THUMBS DOWN to David Hawkins of CBS Evening News for his unbalanced July 15, 2001 broadcast on house demolitions, which is rife with factual errors and distortions.
While the broadcast features three spokespeople (in addition to Hawkins) who level dubious or altogether false accusations at Israel, it includes only a soundbite from Mayor Ehud Olmert, and not one word from a municipality expert in housing.
Bolstering the pro-Palestinian allegations, Hawkins erroneously states that Palestinian Salim Shawamreh’s “land, in the Palestinian village of Anata on the outskirts of East Jerusalem, overlooks what will eventually be an Israeli road for Jewish settlers in the West Bank. All the homes in this village are marked for demolition.” First, the new road will not be only for West Bank Jewish settlers; it will also serve the resident Arabs. Moreover, it is completely false that all of the homes in Anata are slated for demolition. According to a municipality official, in all of Anata combined with nearby Shuafat, the city issued only 25 demolition orders. (Of those, only 14 were implemented–not 17, as Hawkins states .)
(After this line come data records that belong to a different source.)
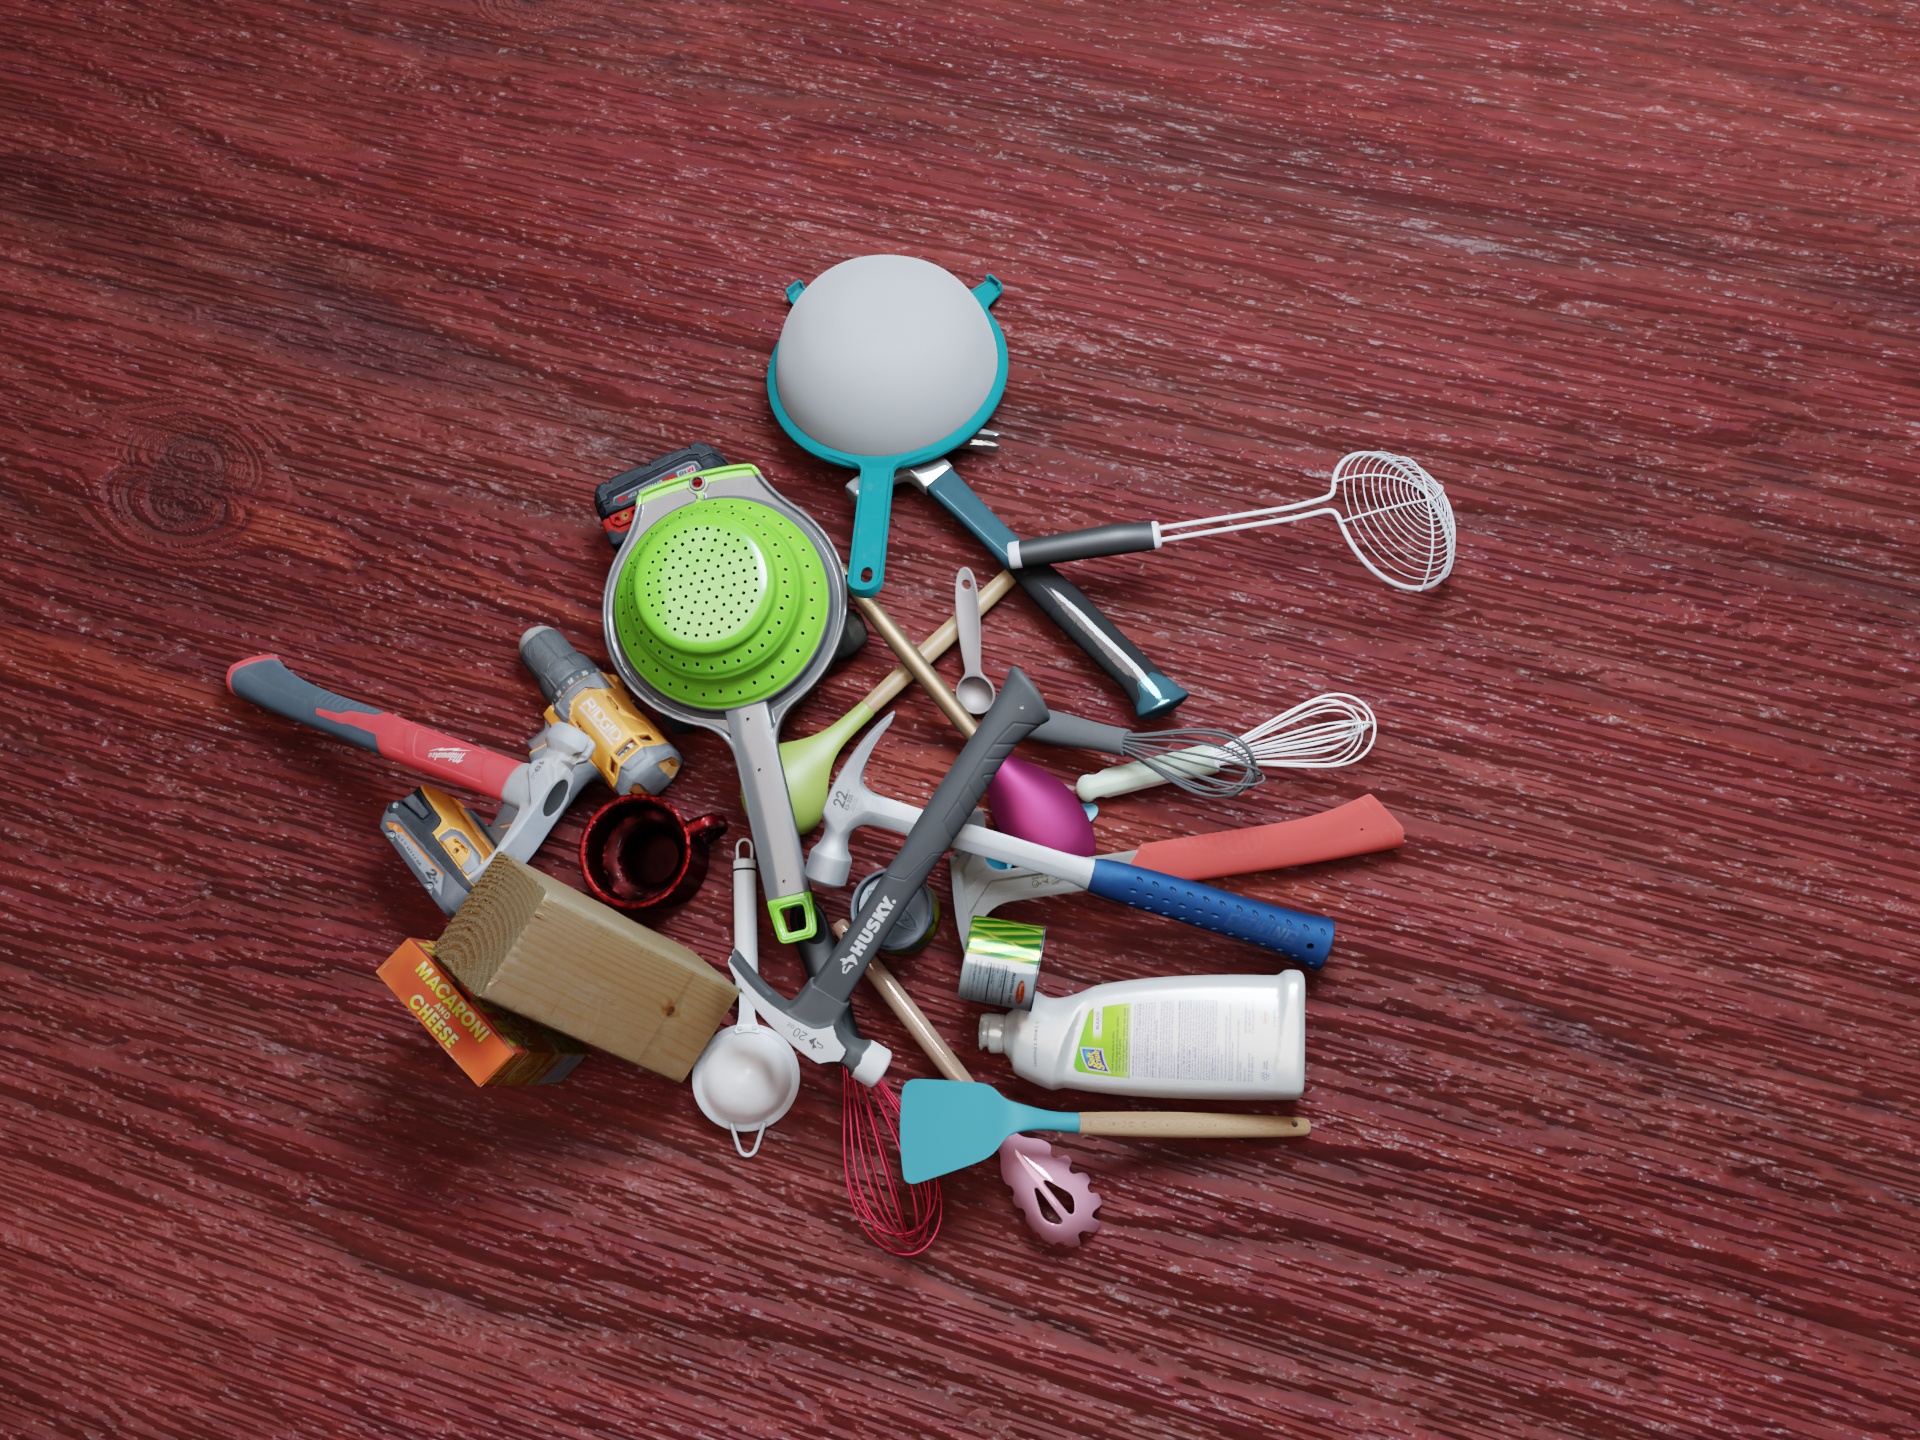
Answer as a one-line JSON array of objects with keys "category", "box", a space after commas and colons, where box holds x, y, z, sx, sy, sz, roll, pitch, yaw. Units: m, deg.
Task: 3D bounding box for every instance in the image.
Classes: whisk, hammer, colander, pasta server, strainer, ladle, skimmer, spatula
[{"category": "whisk", "box": [0.214, 0.029, 1.290, 0.246, 0.058, 0.059, -14, 89, 8]}, {"category": "hammer", "box": [0.172, 0.122, 1.270, 0.359, 0.037, 0.149, -8, 95, 1]}, {"category": "whisk", "box": [-0.083, 0.278, 1.267, 0.073, 0.073, 0.296, -21, 71, 2]}, {"category": "colander", "box": [-0.176, -0.022, 1.252, 0.204, 0.094, 0.397, -14, 81, 1]}, {"category": "pasta server", "box": [-0.001, 0.284, 1.267, 0.060, 0.040, 0.316, -40, 75, -2]}, {"category": "hammer", "box": [-0.040, 0.105, 1.196, 0.146, 0.035, 0.335, 32, 97, -5]}, {"category": "hammer", "box": [0.092, 0.111, 1.232, 0.405, 0.035, 0.144, 17, 96, -2]}, {"category": "strainer", "box": [-0.176, 0.223, 1.298, 0.087, 0.050, 0.259, -1, 74, -9]}, {"category": "hammer", "box": [0.059, -0.122, 1.329, 0.128, 0.033, 0.331, -41, 77, -12]}, {"category": "ladle", "box": [-0.058, -0.025, 1.341, 0.320, 0.062, 0.078, -43, 78, -10]}, {"category": "skimmer", "box": [0.223, -0.147, 1.306, 0.363, 0.090, 0.127, -8, 67, 7]}, {"category": "strainer", "box": [-0.071, -0.266, 1.315, 0.211, 0.095, 0.341, 0, 61, 7]}, {"category": "whisk", "box": [0.130, 0.020, 1.273, 0.239, 0.055, 0.055, 13, 79, 29]}, {"category": "hammer", "box": [-0.481, 0.025, 1.311, 0.386, 0.038, 0.143, 16, 66, 28]}, {"category": "spatula", "box": [0.113, 0.313, 1.225, 0.317, 0.044, 0.082, 3, 54, -8]}]

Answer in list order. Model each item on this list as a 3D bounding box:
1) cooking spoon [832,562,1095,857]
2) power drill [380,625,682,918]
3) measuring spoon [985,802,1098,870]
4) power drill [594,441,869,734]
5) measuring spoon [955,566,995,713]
[{"category": "cooking spoon", "box": [-0.002, -0.004, 1.306, 0.069, 0.017, 0.319, -38, 85, -11]}, {"category": "power drill", "box": [-0.373, 0.040, 1.340, 0.226, 0.084, 0.185, -41, 70, -7]}, {"category": "measuring spoon", "box": [0.056, 0.102, 1.310, 0.128, 0.021, 0.042, -27, 83, -9]}, {"category": "power drill", "box": [-0.197, -0.118, 1.354, 0.188, 0.080, 0.227, -23, 79, 2]}, {"category": "measuring spoon", "box": [0.011, -0.067, 1.326, 0.034, 0.018, 0.124, 0, 103, 22]}]
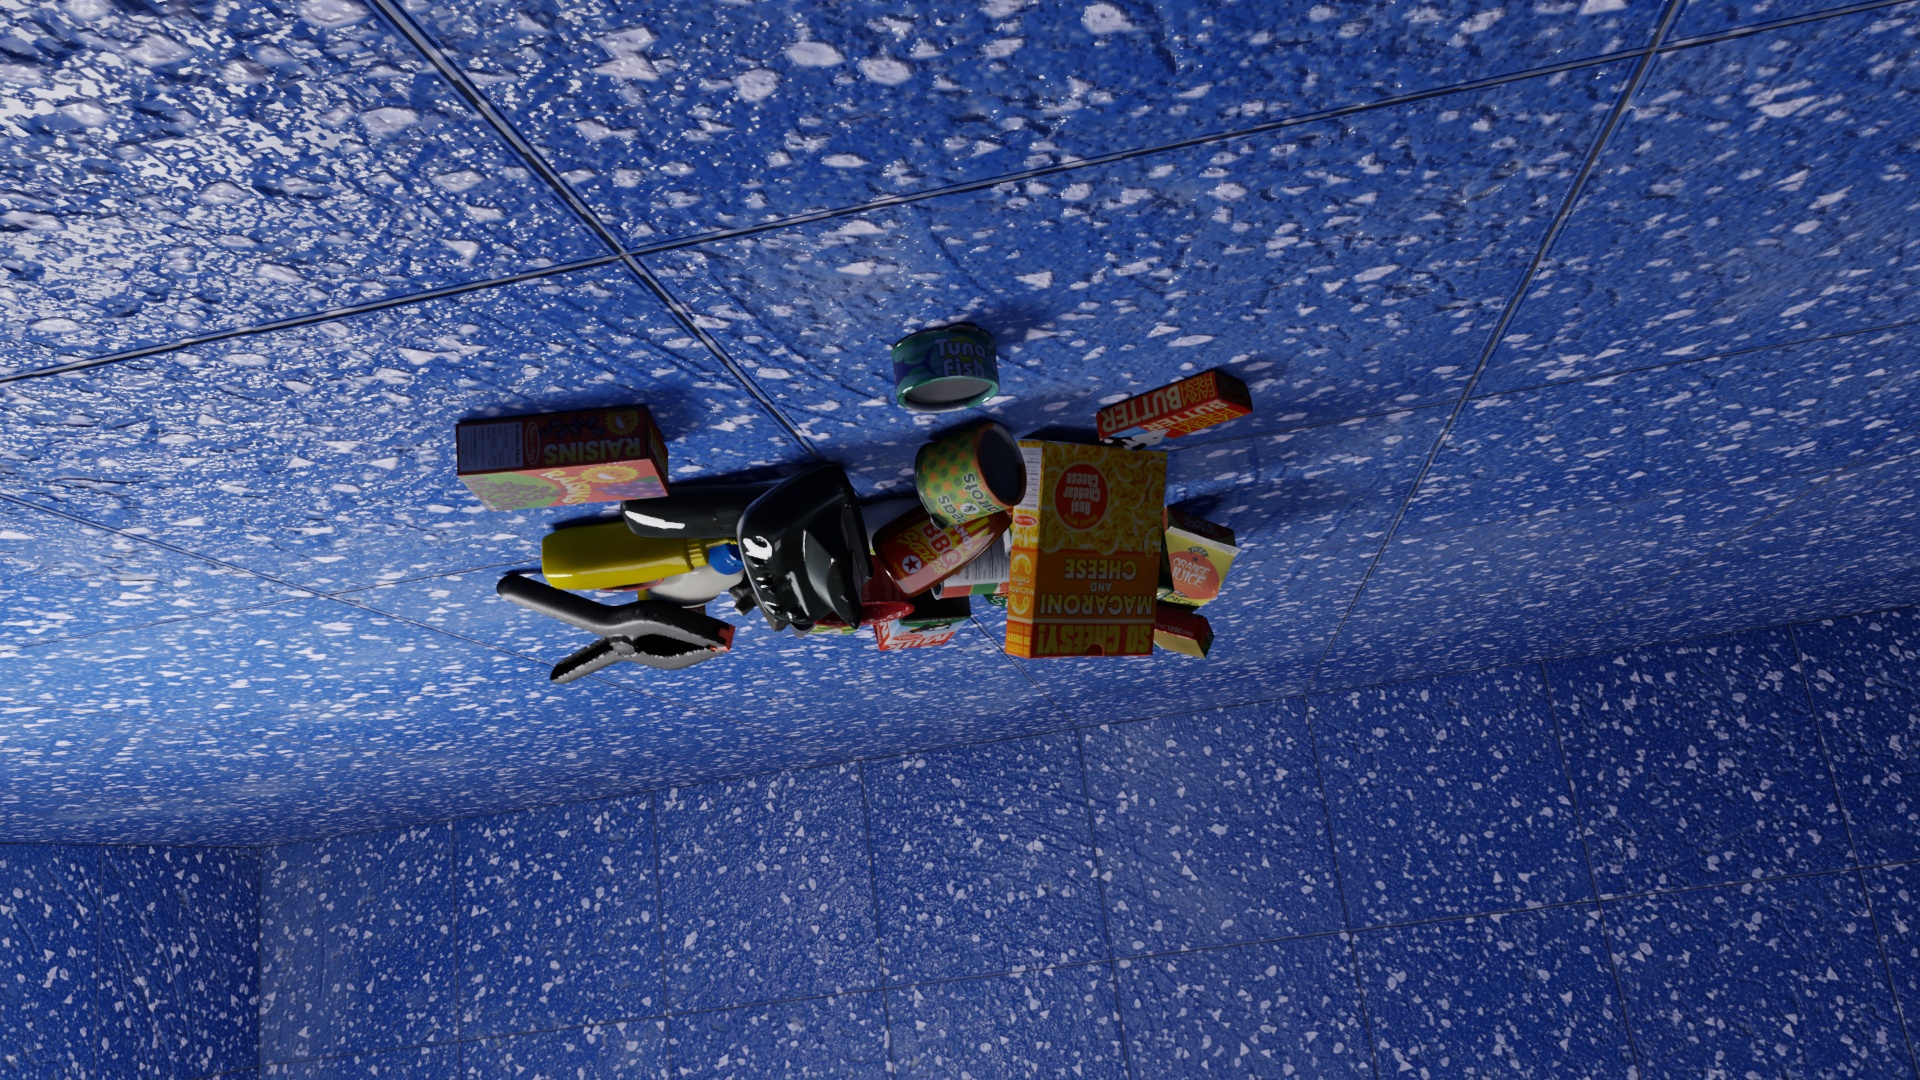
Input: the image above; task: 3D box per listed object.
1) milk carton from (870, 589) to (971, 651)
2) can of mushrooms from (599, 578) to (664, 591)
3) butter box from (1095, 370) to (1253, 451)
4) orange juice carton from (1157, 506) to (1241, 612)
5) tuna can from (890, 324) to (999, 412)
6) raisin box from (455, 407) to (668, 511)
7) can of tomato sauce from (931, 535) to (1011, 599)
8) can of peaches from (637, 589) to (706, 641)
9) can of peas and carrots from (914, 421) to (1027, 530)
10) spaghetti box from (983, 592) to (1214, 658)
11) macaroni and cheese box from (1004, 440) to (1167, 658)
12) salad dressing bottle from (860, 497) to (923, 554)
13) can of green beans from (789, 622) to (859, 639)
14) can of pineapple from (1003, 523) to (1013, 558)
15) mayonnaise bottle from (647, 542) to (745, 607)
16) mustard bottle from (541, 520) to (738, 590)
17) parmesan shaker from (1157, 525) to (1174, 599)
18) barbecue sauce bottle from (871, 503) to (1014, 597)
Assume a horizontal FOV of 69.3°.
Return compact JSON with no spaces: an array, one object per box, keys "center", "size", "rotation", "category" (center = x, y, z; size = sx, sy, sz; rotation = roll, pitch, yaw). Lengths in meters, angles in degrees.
[{"center":[-0.046,0.067,1.436],"size":[0.072,0.073,0.190],"rotation":[-4,165,-14],"category":"milk carton"},{"center":[-0.292,0.022,1.218],"size":[0.071,0.033,0.071],"rotation":[-7,165,-2],"category":"can of mushrooms"},{"center":[0.156,-0.094,1.016],"size":[0.103,0.024,0.053],"rotation":[-18,163,35],"category":"butter box"},{"center":[0.208,0.024,1.362],"size":[0.072,0.073,0.192],"rotation":[20,161,-5],"category":"orange juice carton"},{"center":[-0.008,-0.106,0.868],"size":[0.071,0.033,0.071],"rotation":[-7,166,-2],"category":"tuna can"},{"center":[-0.264,-0.053,0.931],"size":[0.123,0.040,0.086],"rotation":[-5,165,-4],"category":"raisin box"},{"center":[0.015,0.018,1.296],"size":[0.083,0.071,0.071],"rotation":[-5,165,-13],"category":"can of tomato sauce"},{"center":[-0.283,0.073,1.370],"size":[0.071,0.058,0.071],"rotation":[-7,165,-2],"category":"can of peaches"},{"center":[0.008,-0.047,1.029],"size":[0.058,0.071,0.071],"rotation":[-18,162,32],"category":"can of peas and carrots"},{"center":[0.132,0.069,1.405],"size":[0.250,0.029,0.050],"rotation":[13,158,28],"category":"spaghetti box"},{"center":[0.099,0.008,1.090],"size":[0.124,0.166,0.040],"rotation":[2,-178,-32],"category":"macaroni and cheese box"},{"center":[-0.072,-0.009,1.185],"size":[0.148,0.044,0.064],"rotation":[-4,153,-12],"category":"salad dressing bottle"},{"center":[-0.134,0.061,1.382],"size":[0.058,0.071,0.071],"rotation":[6,160,-43],"category":"can of green beans"},{"center":[0.069,-0.020,1.191],"size":[0.071,0.058,0.071],"rotation":[-7,166,-2],"category":"can of pineapple"},{"center":[-0.226,0.023,1.243],"size":[0.065,0.041,0.147],"rotation":[11,157,-33],"category":"mayonnaise bottle"},{"center":[-0.260,0.008,1.149],"size":[0.160,0.049,0.065],"rotation":[-8,166,-1],"category":"mustard bottle"},{"center":[0.147,0.001,1.219],"size":[0.071,0.103,0.071],"rotation":[-7,165,-2],"category":"parmesan shaker"},{"center":[0.004,-0.014,1.136],"size":[0.148,0.064,0.044],"rotation":[-30,-162,11],"category":"barbecue sauce bottle"}]

The reporter deceptively claims about Shawamreh that “Bulldozers demolished the home he’d spent his life savings to build.” Viewers might be interested to know that Shawamreh, along with Jeff Halper of the Israeli Committee Against House Demolitions, has repeatedly traveled in comfort to North America to criticize Israeli policies, demand a halt in U.S. aid to Israel, and collect generous donations to rebuild his house yet again on land that he already knows has zoning problems.
It comes as no surprise that Halper, who on U.S. radio compared Israeli zoning laws to Nazi Nuremberg Laws, accuses Israel of “ethnic cleansing.” It is surprising, however, that CBS allows such propagandizing to pass as journalism.